Activity: Leave out the pictures and return every entry exactly as it appears.

Segment Start: Extracted records

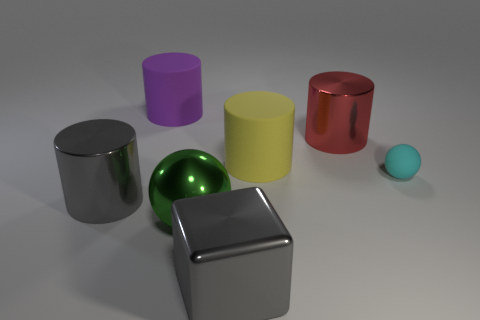Is the number of purple matte cylinders in front of the gray shiny cube the same as the number of purple rubber objects?
Make the answer very short. No. There is a big rubber thing that is behind the yellow thing; is there a yellow rubber object in front of it?
Offer a terse response. Yes. Is there anything else that has the same color as the metal block?
Make the answer very short. Yes. Is the material of the sphere that is in front of the big gray metallic cylinder the same as the big red cylinder?
Offer a very short reply. Yes. Are there the same number of gray blocks that are behind the big sphere and matte balls that are to the right of the rubber ball?
Make the answer very short. Yes. What size is the metallic cylinder that is to the right of the gray metallic object in front of the gray cylinder?
Make the answer very short. Large. There is a large cylinder that is both to the right of the green object and to the left of the big red cylinder; what is its material?
Keep it short and to the point. Rubber. How many other objects are there of the same size as the green thing?
Offer a very short reply. 5. What color is the metal ball?
Your answer should be compact. Green. There is a big metallic cylinder that is to the left of the big yellow matte cylinder; is it the same color as the metal object in front of the metal sphere?
Make the answer very short. Yes. 
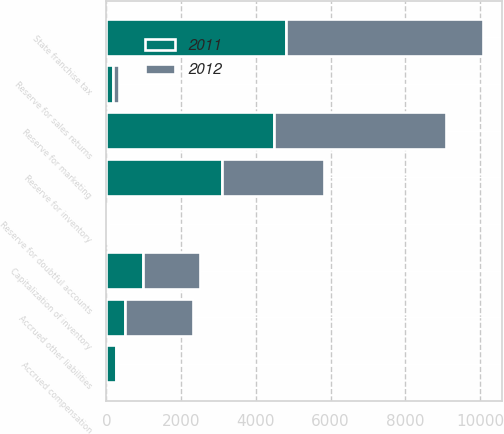Convert chart to OTSL. <chart><loc_0><loc_0><loc_500><loc_500><stacked_bar_chart><ecel><fcel>Reserve for sales returns<fcel>Reserve for doubtful accounts<fcel>Reserve for inventory<fcel>Reserve for marketing<fcel>Capitalization of inventory<fcel>State franchise tax<fcel>Accrued compensation<fcel>Accrued other liabilities<nl><fcel>2012<fcel>145<fcel>28<fcel>2753<fcel>4595<fcel>1524<fcel>5268<fcel>49<fcel>1825<nl><fcel>2011<fcel>186<fcel>42<fcel>3082<fcel>4485<fcel>972<fcel>4817<fcel>256<fcel>487<nl></chart> 
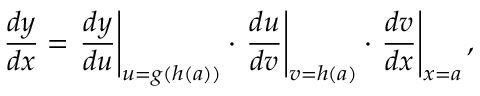Convert formula to latex. <formula><loc_0><loc_0><loc_500><loc_500>{ \frac { d y } { d x } } = { \frac { d y } { d u } } \right | _ { u = g ( h ( a ) ) } \cdot { \frac { d u } { d v } } \right | _ { v = h ( a ) } \cdot { \frac { d v } { d x } } \right | _ { x = a } ,</formula> 
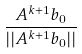<formula> <loc_0><loc_0><loc_500><loc_500>\frac { A ^ { k + 1 } b _ { 0 } } { | | A ^ { k + 1 } b _ { 0 } | | }</formula> 
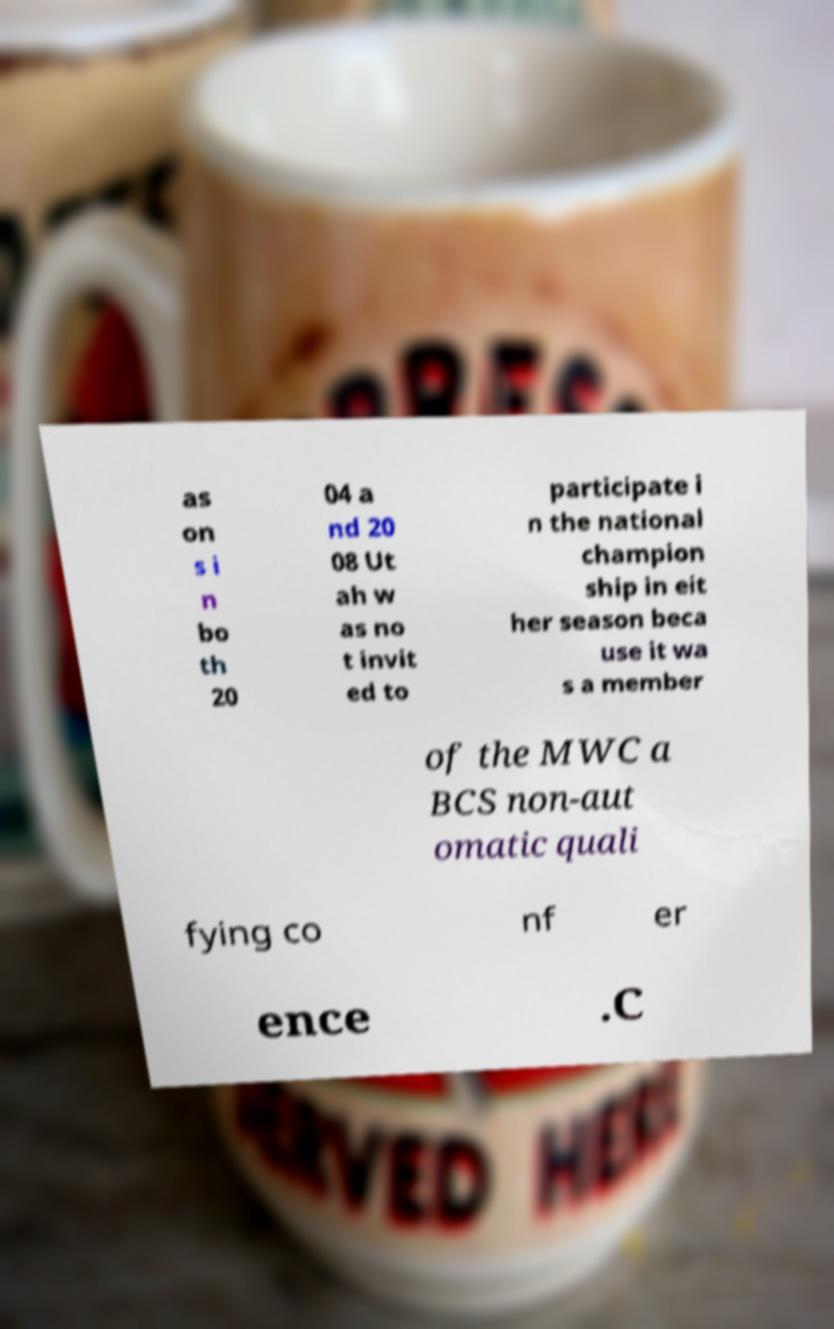Can you accurately transcribe the text from the provided image for me? as on s i n bo th 20 04 a nd 20 08 Ut ah w as no t invit ed to participate i n the national champion ship in eit her season beca use it wa s a member of the MWC a BCS non-aut omatic quali fying co nf er ence .C 
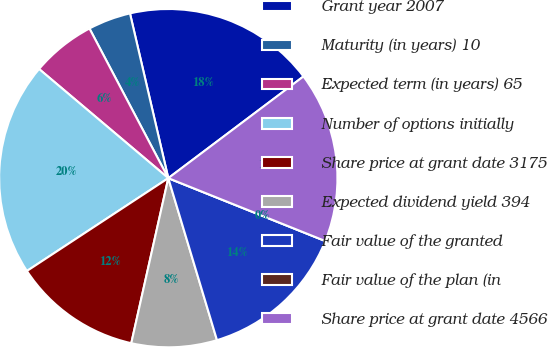<chart> <loc_0><loc_0><loc_500><loc_500><pie_chart><fcel>Grant year 2007<fcel>Maturity (in years) 10<fcel>Expected term (in years) 65<fcel>Number of options initially<fcel>Share price at grant date 3175<fcel>Expected dividend yield 394<fcel>Fair value of the granted<fcel>Fair value of the plan (in<fcel>Share price at grant date 4566<nl><fcel>18.37%<fcel>4.08%<fcel>6.12%<fcel>20.41%<fcel>12.24%<fcel>8.16%<fcel>14.29%<fcel>0.0%<fcel>16.33%<nl></chart>

Segment End: Extracted records

Response:
Is the number of purple matte cylinders in front of the gray shiny cube the same as the number of purple rubber objects?
Make the answer very short. No. There is a big rubber thing that is behind the yellow thing; is there a yellow rubber object in front of it?
Offer a terse response. Yes. Is there anything else that has the same color as the metal block?
Make the answer very short. Yes. Is the material of the sphere that is in front of the big gray metallic cylinder the same as the big red cylinder?
Offer a very short reply. Yes. Are there the same number of gray blocks that are behind the big sphere and matte balls that are to the right of the rubber ball?
Make the answer very short. Yes. What size is the metallic cylinder that is to the right of the gray metallic object in front of the gray cylinder?
Make the answer very short. Large. There is a large cylinder that is both to the right of the green object and to the left of the big red cylinder; what is its material?
Keep it short and to the point. Rubber. How many other objects are there of the same size as the green thing?
Offer a very short reply. 5. What color is the metal ball?
Your answer should be compact. Green. There is a big metallic cylinder that is to the left of the big yellow matte cylinder; is it the same color as the metal object in front of the metal sphere?
Make the answer very short. Yes. 
Convert chart to OTSL. <chart><loc_0><loc_0><loc_500><loc_500><stacked_bar_chart><ecel><fcel>Reserve for sales returns<fcel>Reserve for doubtful accounts<fcel>Reserve for inventory<fcel>Reserve for marketing<fcel>Capitalization of inventory<fcel>State franchise tax<fcel>Accrued compensation<fcel>Accrued other liabilities<nl><fcel>2012<fcel>145<fcel>28<fcel>2753<fcel>4595<fcel>1524<fcel>5268<fcel>49<fcel>1825<nl><fcel>2011<fcel>186<fcel>42<fcel>3082<fcel>4485<fcel>972<fcel>4817<fcel>256<fcel>487<nl></chart> 
Convert formula to latex. <formula><loc_0><loc_0><loc_500><loc_500>{ \frac { d y } { d x } } = { \frac { d y } { d u } } \right | _ { u = g ( h ( a ) ) } \cdot { \frac { d u } { d v } } \right | _ { v = h ( a ) } \cdot { \frac { d v } { d x } } \right | _ { x = a } ,</formula> 
<formula> <loc_0><loc_0><loc_500><loc_500>\frac { A ^ { k + 1 } b _ { 0 } } { | | A ^ { k + 1 } b _ { 0 } | | }</formula> 
Can you accurately transcribe the text from the provided image for me? as on s i n bo th 20 04 a nd 20 08 Ut ah w as no t invit ed to participate i n the national champion ship in eit her season beca use it wa s a member of the MWC a BCS non-aut omatic quali fying co nf er ence .C 
<chart> <loc_0><loc_0><loc_500><loc_500><pie_chart><fcel>Grant year 2007<fcel>Maturity (in years) 10<fcel>Expected term (in years) 65<fcel>Number of options initially<fcel>Share price at grant date 3175<fcel>Expected dividend yield 394<fcel>Fair value of the granted<fcel>Fair value of the plan (in<fcel>Share price at grant date 4566<nl><fcel>18.37%<fcel>4.08%<fcel>6.12%<fcel>20.41%<fcel>12.24%<fcel>8.16%<fcel>14.29%<fcel>0.0%<fcel>16.33%<nl></chart>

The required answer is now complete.